DATASET —
........

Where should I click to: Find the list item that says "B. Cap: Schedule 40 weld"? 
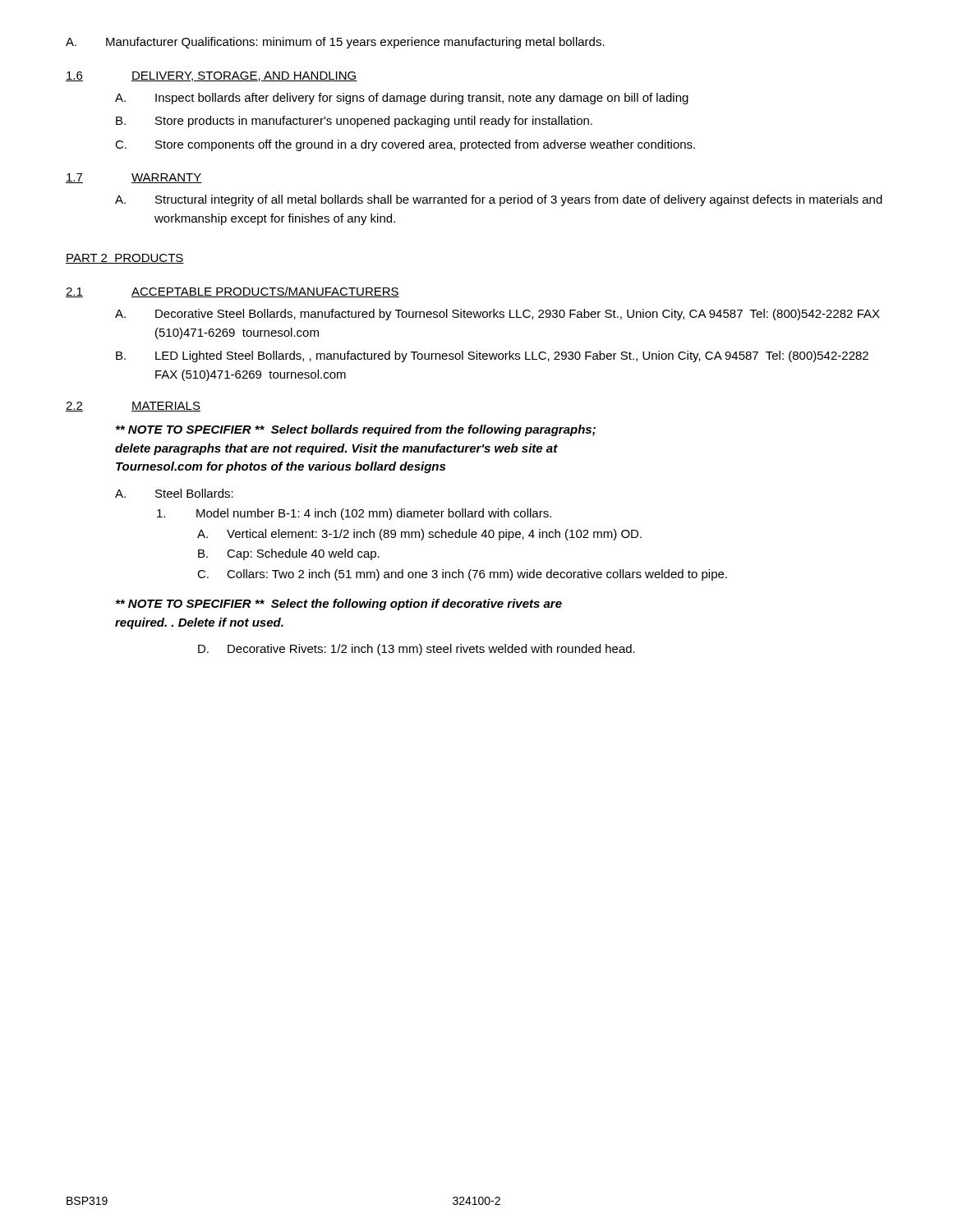pos(289,554)
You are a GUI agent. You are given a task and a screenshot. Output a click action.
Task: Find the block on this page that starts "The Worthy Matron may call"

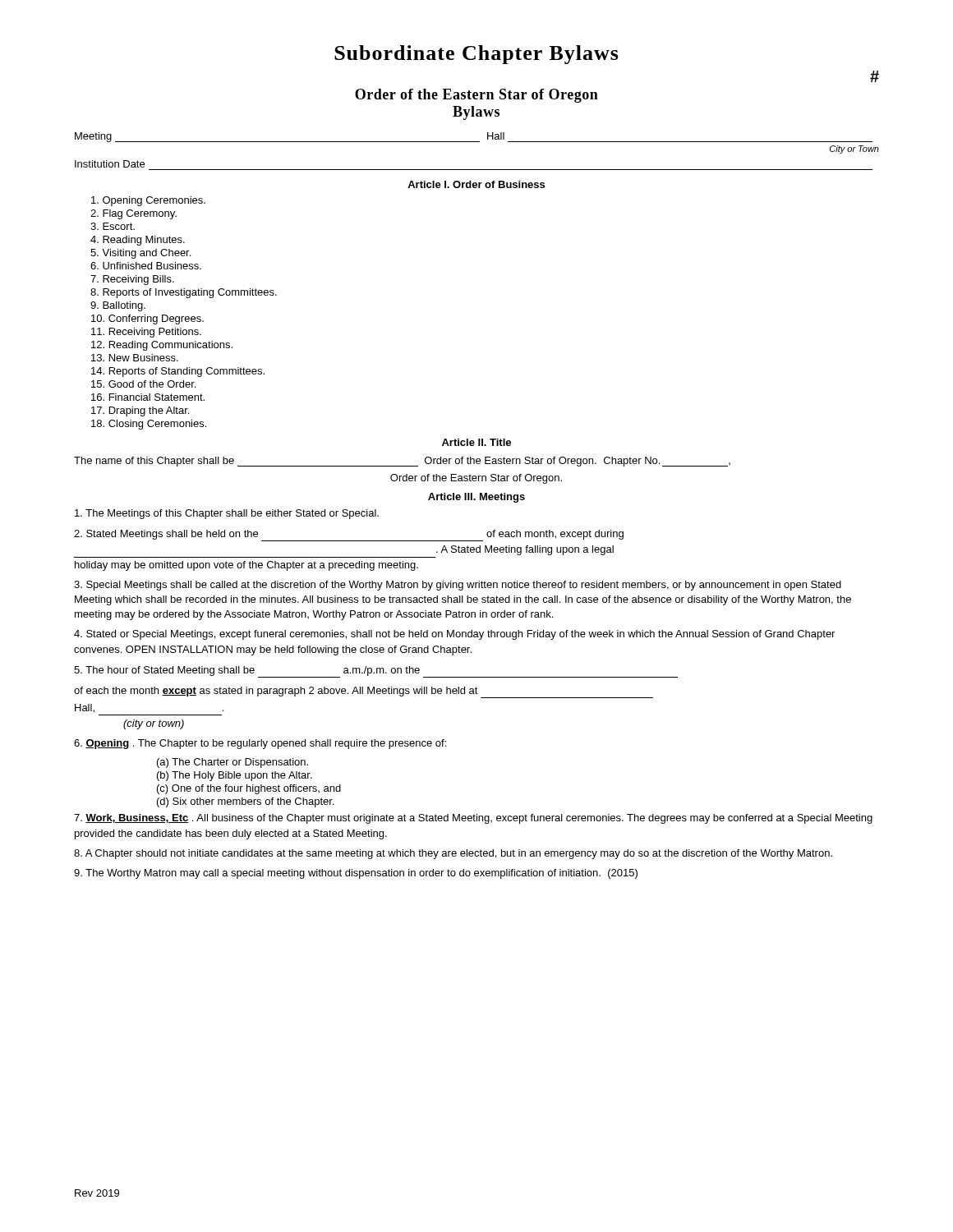(x=356, y=873)
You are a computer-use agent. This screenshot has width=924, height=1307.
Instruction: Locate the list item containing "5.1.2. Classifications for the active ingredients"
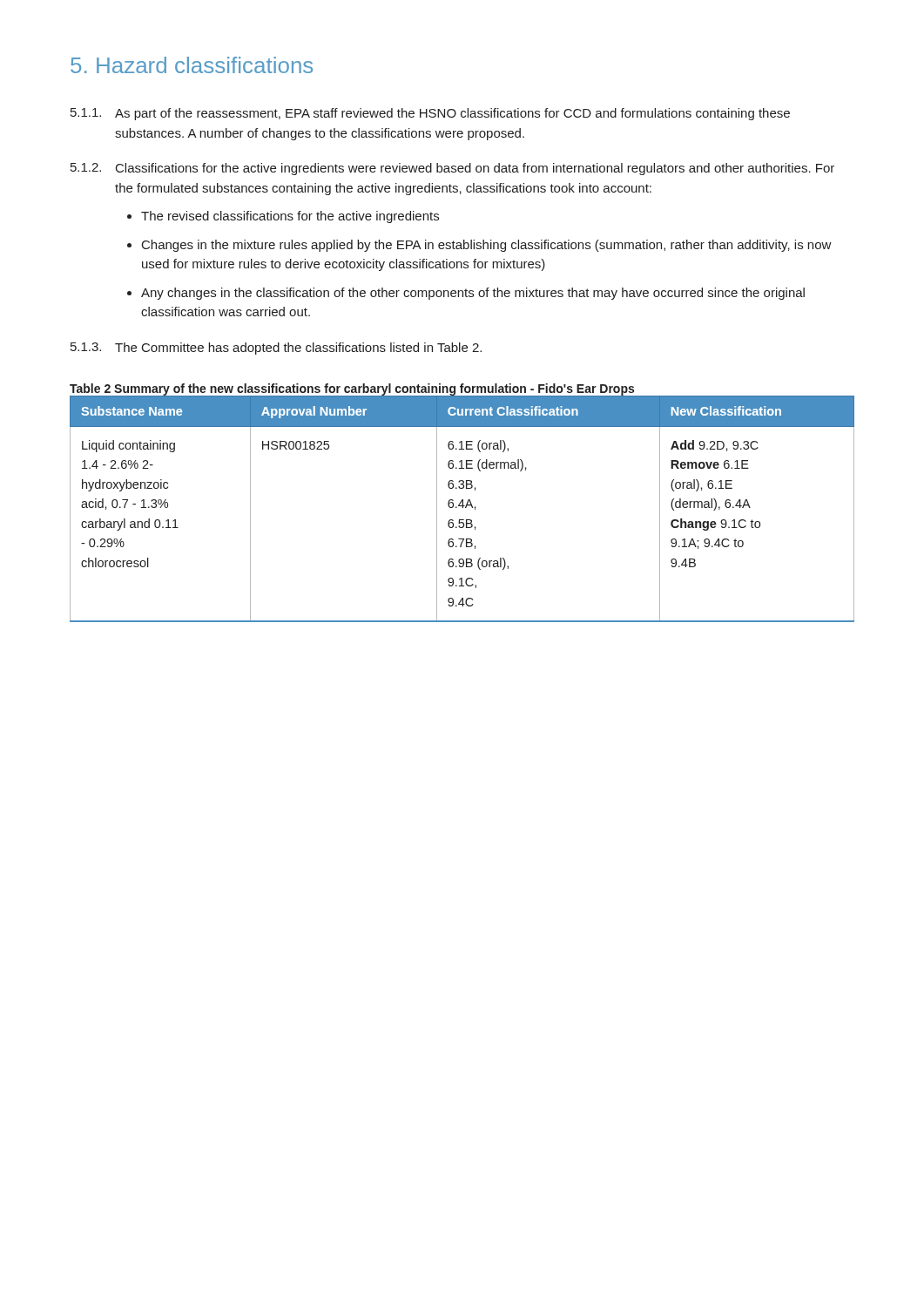[x=462, y=178]

........

REQUIRED WORK —
Where a line of the material above holds the string "agent", copy that line.

OUTPUT —
You are a GUI agent. You are given a task and a screenshot. Output a click action.
You are a computer-use agent. This screenshot has width=924, height=1307.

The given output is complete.